The foreign exchange market is the largest financial market in the world, with a daily trading volume of up to 5 trillion US dollars. As the main currency exchange mechanism, the foreign exchange market does not only provides basic services for global commerce and trade. Such a huge transaction volume also provides various trading opportunities for those who want to invest in the foreign exchange market. Forex traders can buy or sell different currencies five days a week, 24 hours a day, and use leverage (increasing nominal trading volume) to speculate on global currency flows and market fluctuations.
The foreign exchange market is usually referred to as “foreign exchange” or “FX”. It is a global, decentralized, over-the-counter currency trading financial market.
Global Market
– Global economic and political events drive these markets, which in turn affects the relative value of the currencies of these countries.
Decentralized market
– Decentralized market means that the foreign exchange market is different from the traditional stock market in that it does not have a centralized exchange.

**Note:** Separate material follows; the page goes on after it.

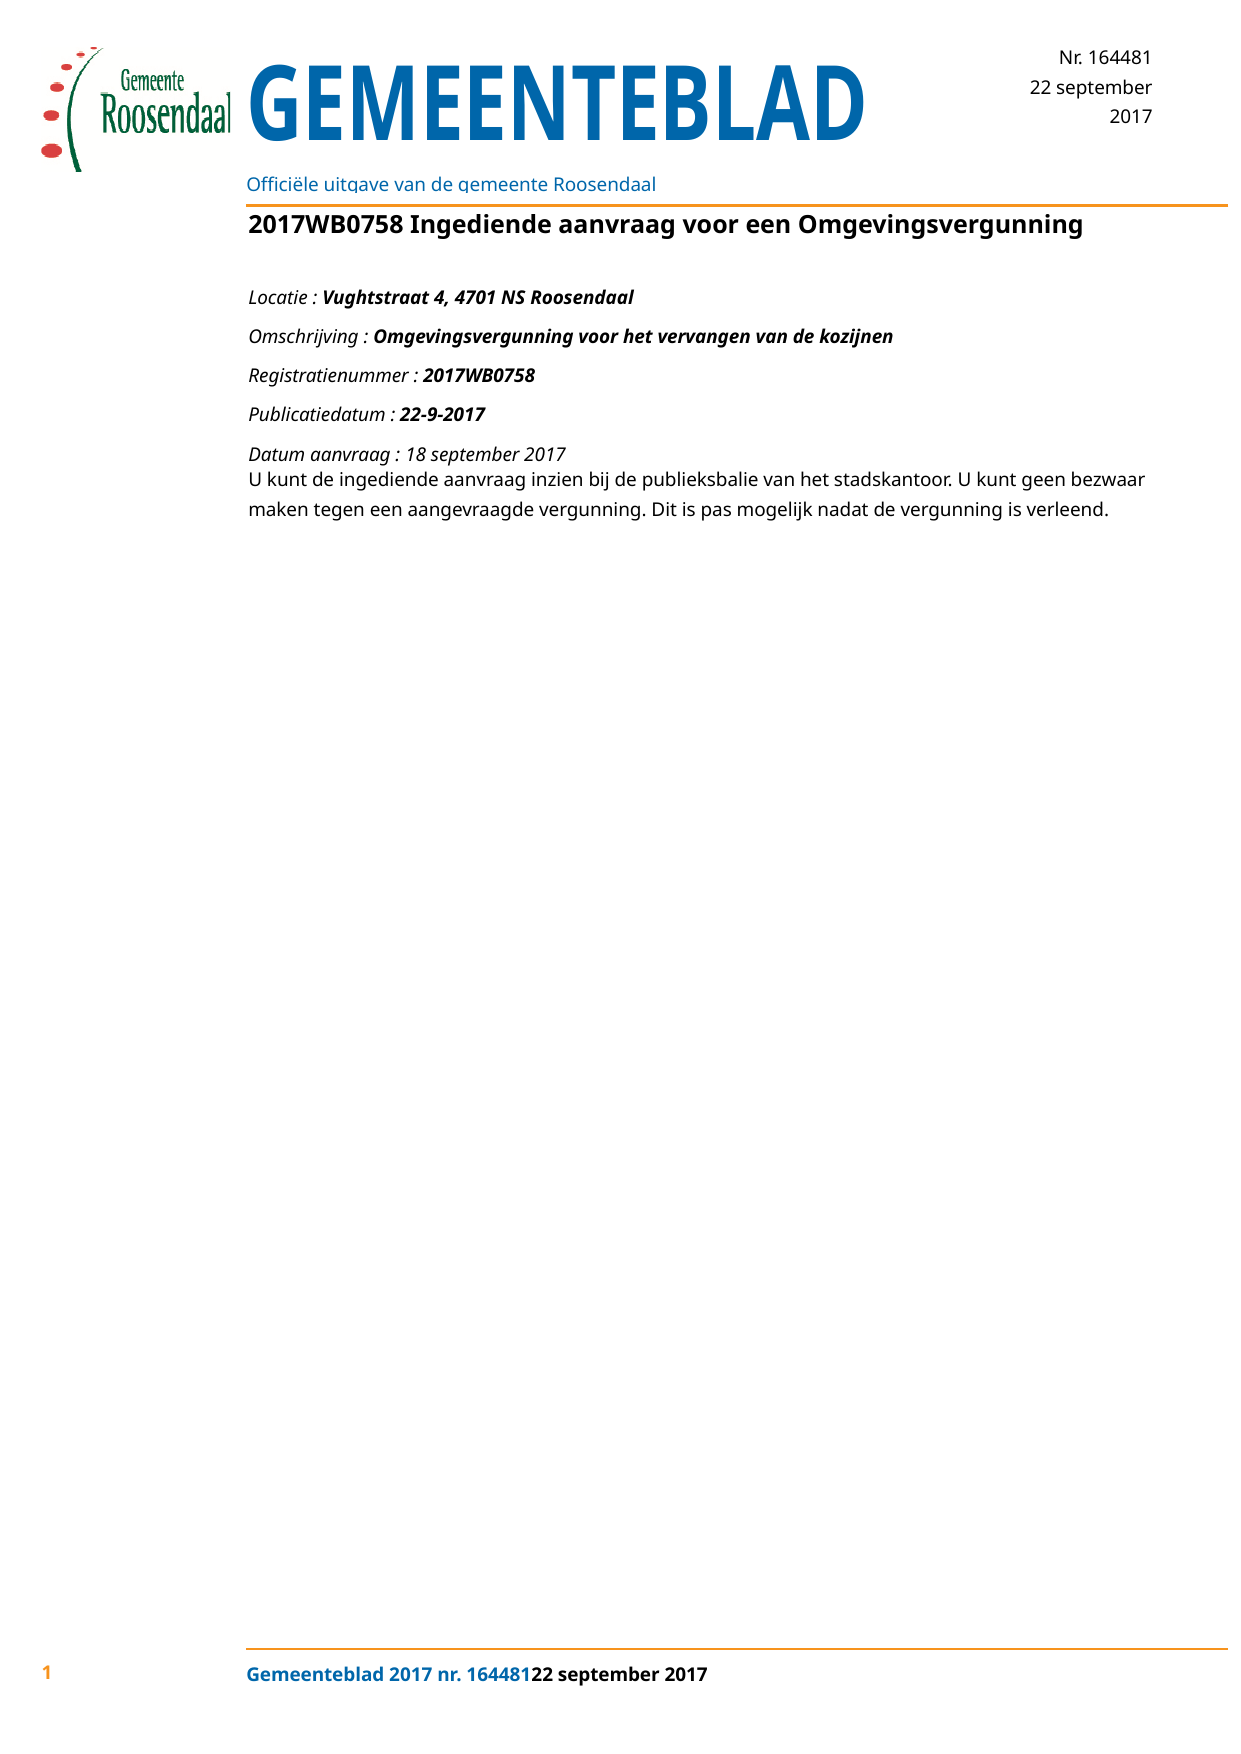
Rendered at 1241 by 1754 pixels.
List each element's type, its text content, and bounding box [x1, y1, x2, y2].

– Instead, financial centers around the world have formed a large 24-hour trading network that brings together different types of buyers and sellers, and the market is closed only on weekends.
Over-the-counter transactions
– The foreign exchange market is not controlled by any central regulatory agency, and there is no clearing agency to guarantee transactions.
– Brokers and traders negotiate transactions with each other directly through the electronic network
– This kind of market in which traders negotiate prices with each other is called “over-the-counter trading.
Trading foreign exchange
For active traders, the foreign exchange market is not much different from other trading markets (such as stocks, commodities or fixed income markets). The foreign exchange market is also a place for buyers and sellers to trade, but the vehicles bought and sold are currency pairs. The currency pair may be the EUR to USD, USD to JPY, GBP to USD, EUR to GBP, or a combination of many other currencies.
Different currency combinations represent the value of one currency against another, and this relationship is expressed by a price. In the foreign exchange market, combined with the economic and political status and expectations of the two countries, the price of a currency pair is actually the expected market value of one currency measured in another currency. From the perspective of stocks, the price mechanism of currency pairs is similar to stock prices.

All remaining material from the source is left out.